CCB Castration Or Circumcision

THE amendment of the CCB/CCT laws by the National Assembly was made to adorn the toga of jibiti. The executive arm of the Federal Government had sustained the trial of the President of Senate, Dr. Saraki at the Code of Conduct Tribunal for some discrepancies in his asset declaration forms when he was governor of Kwara State some 13 years ago. Saraki has tried to point out overt imperfections in the processes leading to his trial, as well as, the composition of the CCT.

But the Federal Government had remained adamant to the silent issues of fairness and objectivity raised by the President of Senate over the body, thereby subtly lending credence to the allegation that the President of Senate was being pummeled for contesting and winning the election for the Senate top job.

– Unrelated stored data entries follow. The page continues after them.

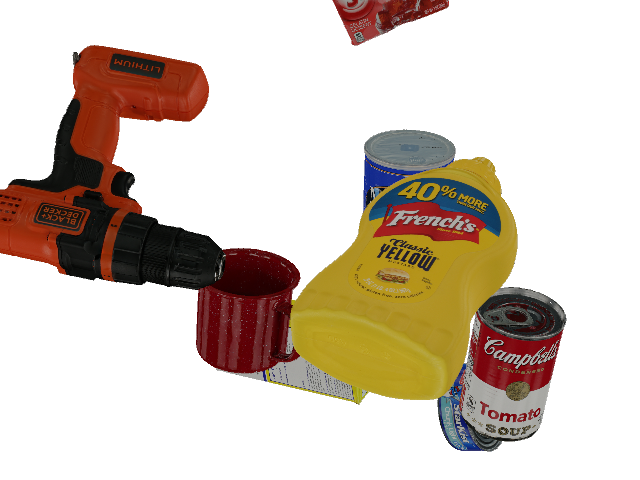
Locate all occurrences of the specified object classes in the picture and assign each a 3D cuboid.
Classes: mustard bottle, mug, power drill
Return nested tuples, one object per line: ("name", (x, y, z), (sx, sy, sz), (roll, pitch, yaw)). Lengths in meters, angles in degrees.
("mustard bottle", (0.065, 0.008, 0.641), (0.096, 0.058, 0.191), (15, 43, 23))
("mug", (-0.058, 0.067, 0.934), (0.117, 0.081, 0.093), (23, 30, 31))
("power drill", (-0.143, -0.054, 0.798), (0.184, 0.187, 0.057), (12, -34, 4))

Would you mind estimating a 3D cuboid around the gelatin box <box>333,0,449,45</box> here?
("gelatin box", (0.053, -0.213, 0.886), (0.089, 0.073, 0.030), (-19, 28, 16))

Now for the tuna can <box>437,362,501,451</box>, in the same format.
("tuna can", (0.147, 0.160, 1.031), (0.034, 0.086, 0.085), (-8, -5, 35))

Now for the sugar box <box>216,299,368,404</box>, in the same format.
("sugar box", (-0.032, 0.109, 1.134), (0.176, 0.093, 0.048), (12, 34, 26))

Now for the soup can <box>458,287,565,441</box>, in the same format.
("soup can", (0.148, 0.097, 0.834), (0.068, 0.102, 0.068), (4, 30, -2))

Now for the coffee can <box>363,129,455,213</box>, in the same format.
("coffee can", (0.100, -0.044, 1.230), (0.103, 0.140, 0.103), (0, 28, 0))

It was against that background that the decision by the NASS to review the CCB/CCT laws reverberated in the polity, with the Federal Government raising dust that the senate ambushed the law so as to provide escape route for one of its own.

Even commonsense suggest that a trial panel should not comprise an even number of judges. Some commentators had noted that it does not make sense that the Code of Conduct Tribunal should be composed of just two officers to adjudicate over a matter before it.

In an interview with The Guardian, immediate past chairman of Nigeria Human Rights Commission (NHRC), Prof. Chidi Odinkalu; noted that in such instance, what anybody needed to cobble the trial was to programme one of the judges.

But whatever merits the CCB/CCT amendment contained were lost in the unending supremacy contest between the presidency and the legislature. It seems the recriminations are sure to continue as the NASS prepares to review other laws with overlapping intendments, including the INEC, Electoral Act and local government autonomy.